Losses expected to widen at Funding Circle

By Roger Baird on Wednesday 6 March 2019

Alternative Lending

Analysts fear the quality of loans on the platform will be affected by Brexit and a global slowdown.

Funding Circle is expected to see sales jump but losses widen, amid concerns over the quality of the business peer-to-peer lender’s loans when it posts full-year results on Thursday.

The platform is forecast to reveal 2018 sales up 48 per cent to £139.4m, as it expands the amount of loans it originates, according to analysts at Numis.

However, it is also expected to report pre-tax losses of £59.5m, widening from £36.3m 12 months previously, as the business pushes to achieve the scale it needs to make profits.

The business said in a January trading update it originated £2.3bn loans in the year to the end of December, a 40 per cent rise on the year before.

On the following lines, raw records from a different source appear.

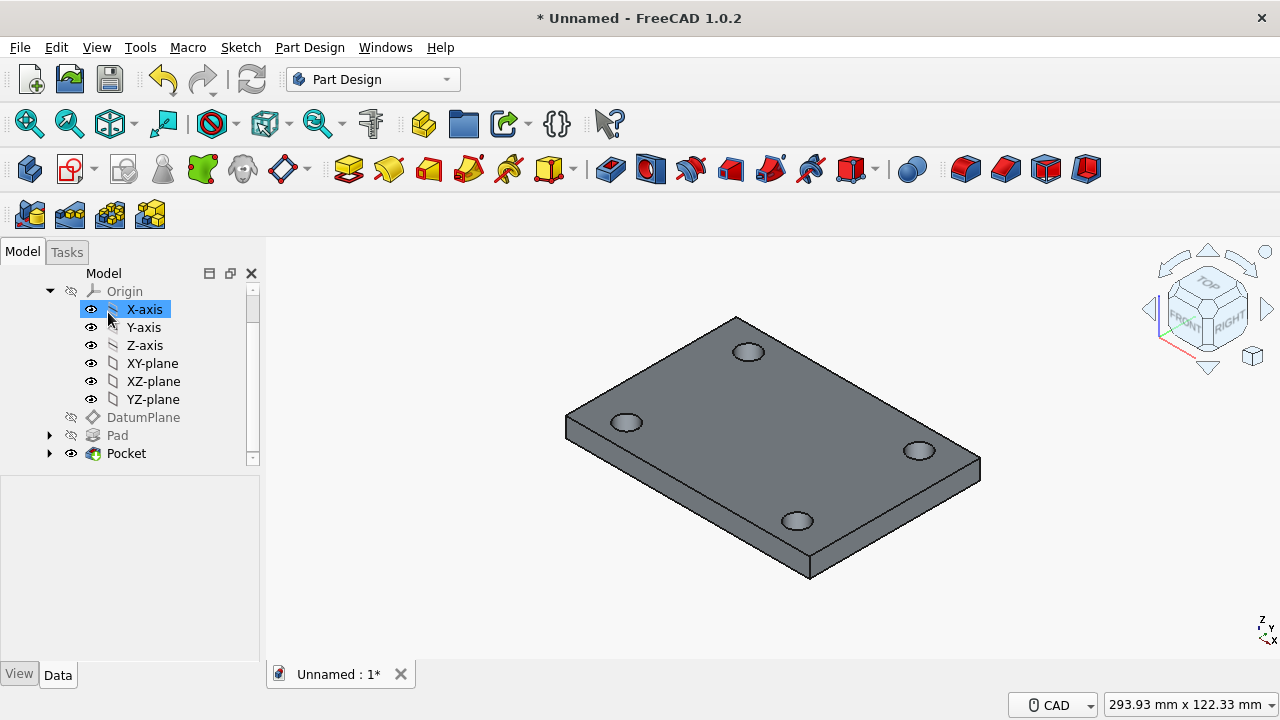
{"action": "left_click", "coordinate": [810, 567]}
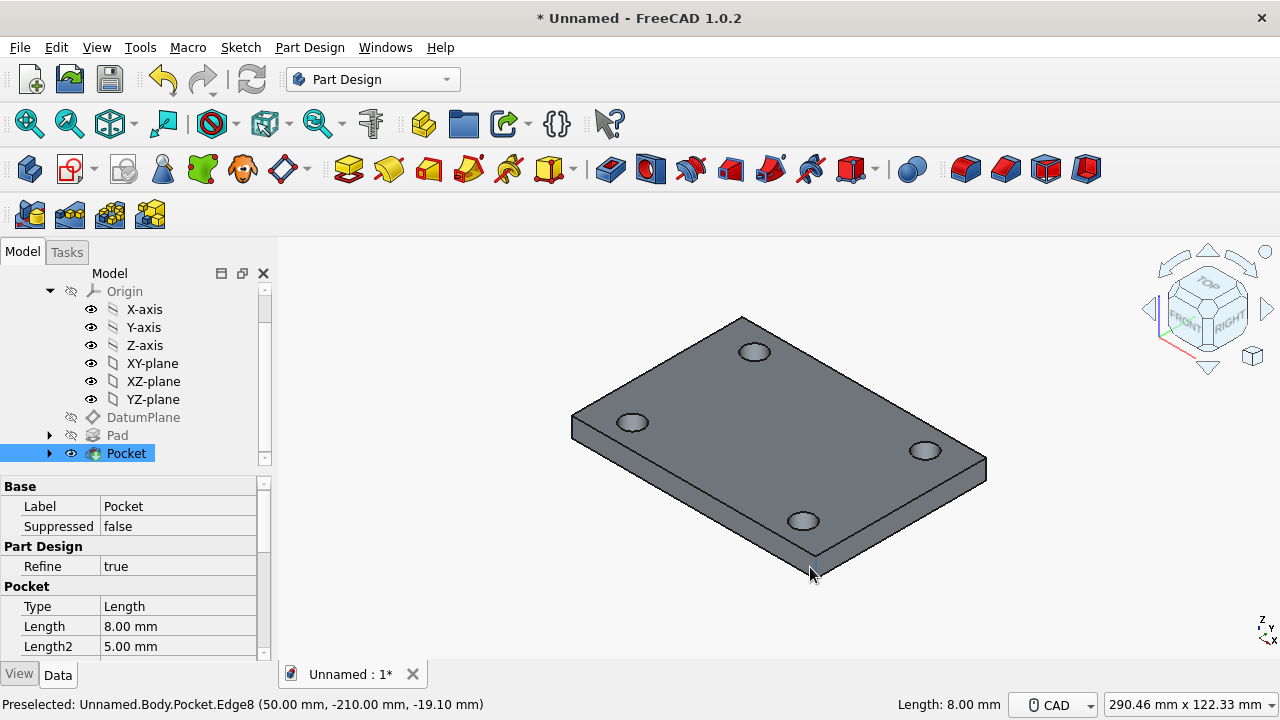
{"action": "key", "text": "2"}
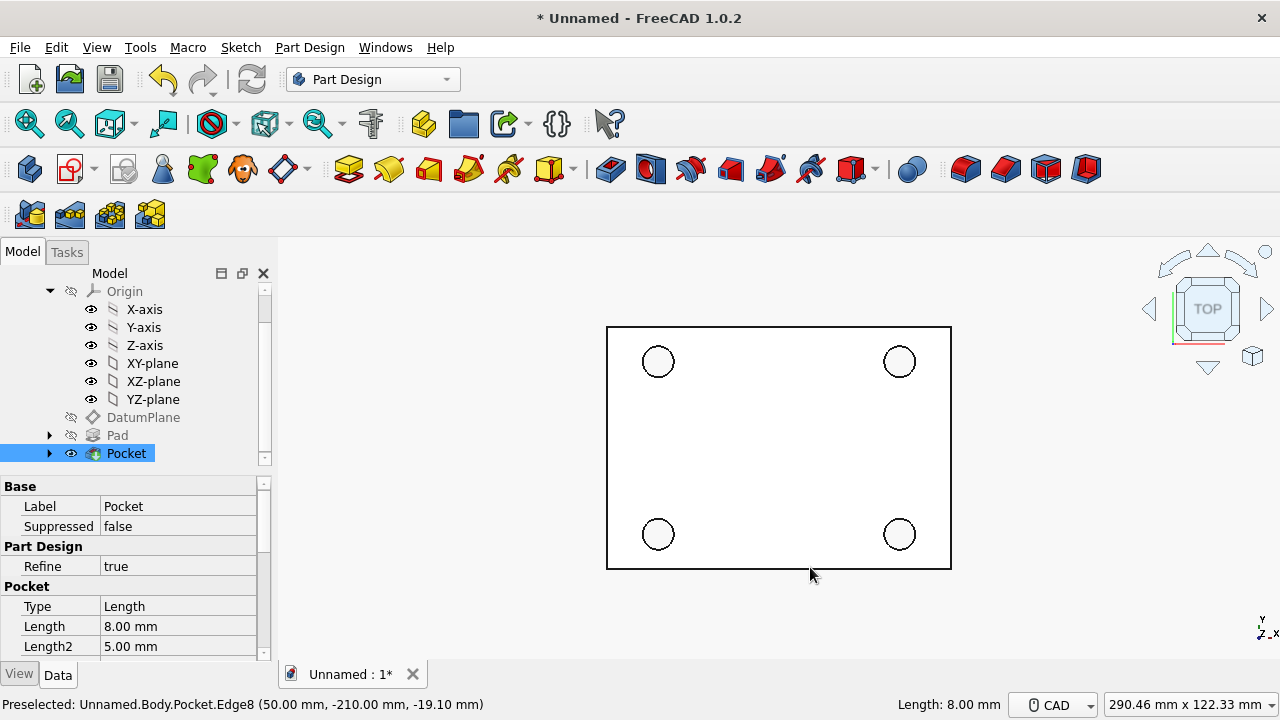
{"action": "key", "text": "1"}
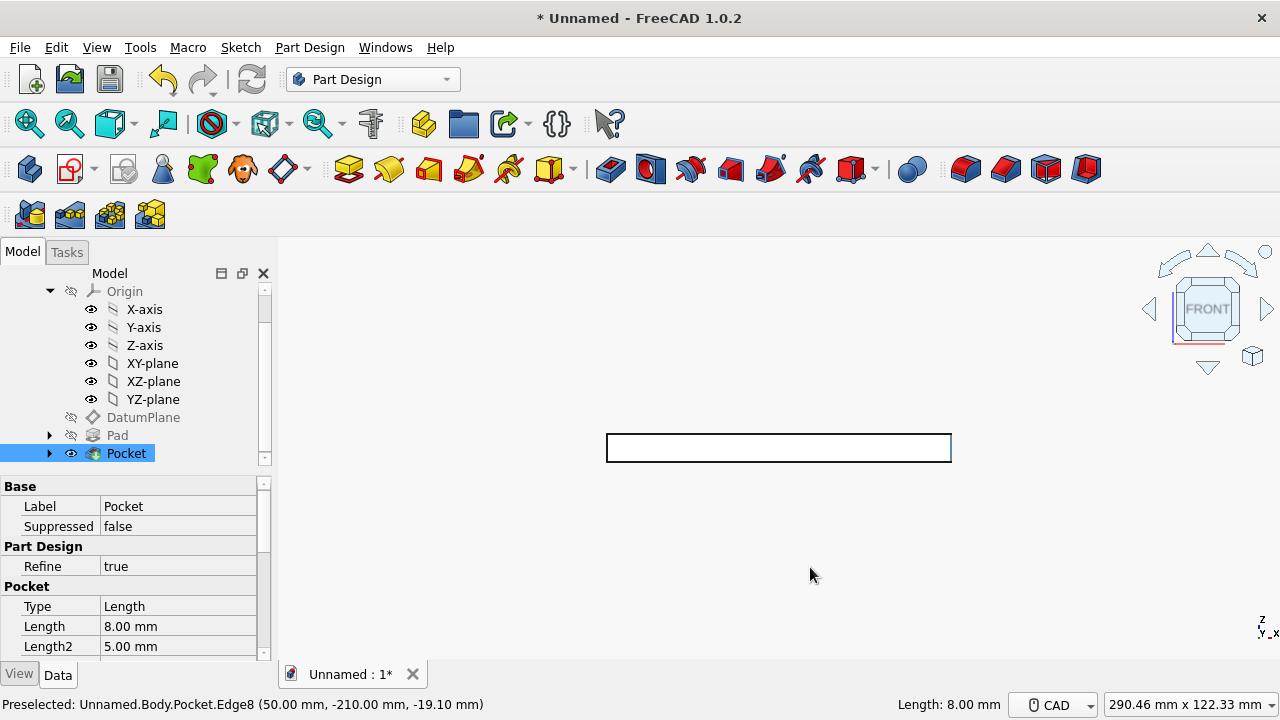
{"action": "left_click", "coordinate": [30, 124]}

It added its loans under management jumped 55 per cent in the period to £3.1bn.

The platform brings investors and small firms seeking a loan together, earning fees from each loan it originates.

Chief executive Samir Desai (pictured, left) said: “Funding Circle delivered a strong end to 2018 which resulted in exceeding our revenue and loans under management guidance for the year.”  

But some brokers think the pace the platform has set will be hard to match in 2019, given a slowing global economy, marked by weaker European growth, trade wars between the US and China and Brexit in the UK.

Earlier this month these factors led the Bank of England to slash UK growth forecasts to 1.2 per cent this year, the slowest pace since 2009. The Bank had predicted growth of 1.7 per cent this year as recently as November.

Brokers at Barclays expect this to have an effect on Funding Circle’s business. They said: “Given the global slowdown and Brexit, the default risk on its portfolio will increase.”

They added: “It will not have direct exposure to this but we suspect that investors will become more nervous.”

The business floated in London in October at 440p per share, valuing the platform at £1.5bn. However, it has consistently traded below that price, a number of investors say its initial public offering was overpriced, with it now potentially heading into a difficult loan market. The company's shares closed at 350.6p on Tuesday 5 March.    

Funding Circle was founded in 2010 by Desai and his two friends, James Meekings and Andrew Mullinger, who all met at university.